===== Data to examine =====
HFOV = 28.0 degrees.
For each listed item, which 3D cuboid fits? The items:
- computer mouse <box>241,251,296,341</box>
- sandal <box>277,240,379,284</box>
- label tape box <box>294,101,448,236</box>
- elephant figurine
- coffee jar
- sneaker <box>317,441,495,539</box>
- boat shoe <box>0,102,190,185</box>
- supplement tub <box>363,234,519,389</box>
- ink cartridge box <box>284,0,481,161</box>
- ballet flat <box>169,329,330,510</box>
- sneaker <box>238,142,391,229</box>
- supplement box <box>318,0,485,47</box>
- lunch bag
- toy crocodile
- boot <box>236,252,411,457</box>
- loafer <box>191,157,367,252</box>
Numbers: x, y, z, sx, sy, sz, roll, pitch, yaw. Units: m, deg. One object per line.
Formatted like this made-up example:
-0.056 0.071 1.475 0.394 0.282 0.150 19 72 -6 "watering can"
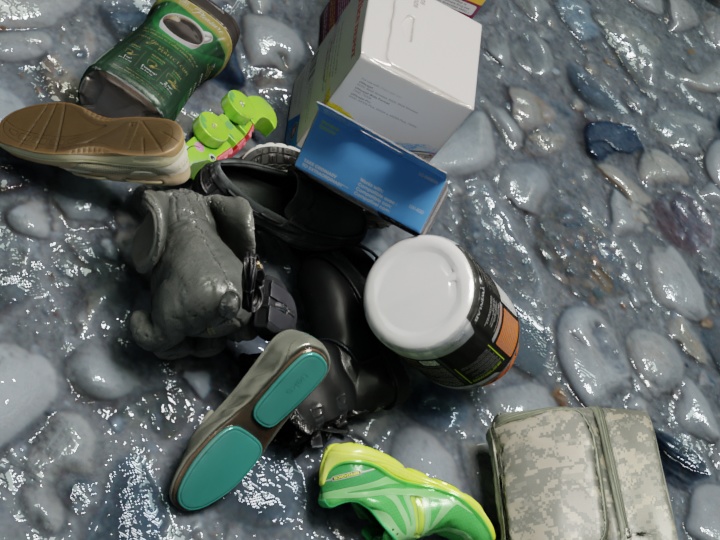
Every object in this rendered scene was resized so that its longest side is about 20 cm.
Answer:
-0.082 0.025 1.323 0.034 0.200 0.059 9 77 6 "computer mouse"
0.001 0.000 1.566 0.200 0.043 0.076 35 45 -6 "sandal"
0.012 -0.095 1.434 0.144 0.063 0.200 29 1 5 "label tape box"
-0.170 -0.025 1.390 0.141 0.155 0.201 26 49 -64 "elephant figurine"
-0.213 -0.224 1.563 0.104 0.085 0.200 35 46 -2 "coffee jar"
0.040 0.235 1.409 0.200 0.074 0.084 27 74 -20 "sneaker"
-0.266 -0.118 1.434 0.199 0.065 0.072 6 52 12 "boat shoe"
0.090 0.050 1.469 0.200 0.122 0.123 42 24 -62 "supplement tub"
0.023 -0.198 1.620 0.144 0.200 0.148 23 48 -18 "ink cartridge box"
-0.109 0.137 1.343 0.067 0.200 0.064 47 -7 -38 "ballet flat"
-0.043 -0.098 1.585 0.200 0.079 0.074 15 94 -20 "sneaker"
0.050 -0.318 1.728 0.131 0.200 0.103 19 48 -21 "supplement box"
0.215 0.241 1.470 0.167 0.139 0.200 5 53 -11 "lunch bag"
-0.152 -0.138 1.535 0.062 0.067 0.200 46 30 -5 "toy crocodile"
-0.053 0.082 1.451 0.162 0.073 0.199 -18 71 -39 "boot"
-0.075 -0.068 1.488 0.200 0.070 0.068 15 60 -27 "loafer"
=====
● Work to be completed
A word-for-word copy of the lines from the one containing "- sneaker <box>238,142,391,229</box>" through the last line of the records is what is wanted, without pictures and without any other line.

● Solution for this task
- sneaker <box>238,142,391,229</box>
- supplement box <box>318,0,485,47</box>
- lunch bag
- toy crocodile
- boot <box>236,252,411,457</box>
- loafer <box>191,157,367,252</box>
Numbers: x, y, z, sx, sy, sz, roll, pitch, yaw. Units: m, deg. One object per line.
Formatted like this made-up example:
-0.056 0.071 1.475 0.394 0.282 0.150 19 72 -6 "watering can"
Every object in this rendered scene was resized so that its longest side is about 20 cm.
Answer:
-0.082 0.025 1.323 0.034 0.200 0.059 9 77 6 "computer mouse"
0.001 0.000 1.566 0.200 0.043 0.076 35 45 -6 "sandal"
0.012 -0.095 1.434 0.144 0.063 0.200 29 1 5 "label tape box"
-0.170 -0.025 1.390 0.141 0.155 0.201 26 49 -64 "elephant figurine"
-0.213 -0.224 1.563 0.104 0.085 0.200 35 46 -2 "coffee jar"
0.040 0.235 1.409 0.200 0.074 0.084 27 74 -20 "sneaker"
-0.266 -0.118 1.434 0.199 0.065 0.072 6 52 12 "boat shoe"
0.090 0.050 1.469 0.200 0.122 0.123 42 24 -62 "supplement tub"
0.023 -0.198 1.620 0.144 0.200 0.148 23 48 -18 "ink cartridge box"
-0.109 0.137 1.343 0.067 0.200 0.064 47 -7 -38 "ballet flat"
-0.043 -0.098 1.585 0.200 0.079 0.074 15 94 -20 "sneaker"
0.050 -0.318 1.728 0.131 0.200 0.103 19 48 -21 "supplement box"
0.215 0.241 1.470 0.167 0.139 0.200 5 53 -11 "lunch bag"
-0.152 -0.138 1.535 0.062 0.067 0.200 46 30 -5 "toy crocodile"
-0.053 0.082 1.451 0.162 0.073 0.199 -18 71 -39 "boot"
-0.075 -0.068 1.488 0.200 0.070 0.068 15 60 -27 "loafer"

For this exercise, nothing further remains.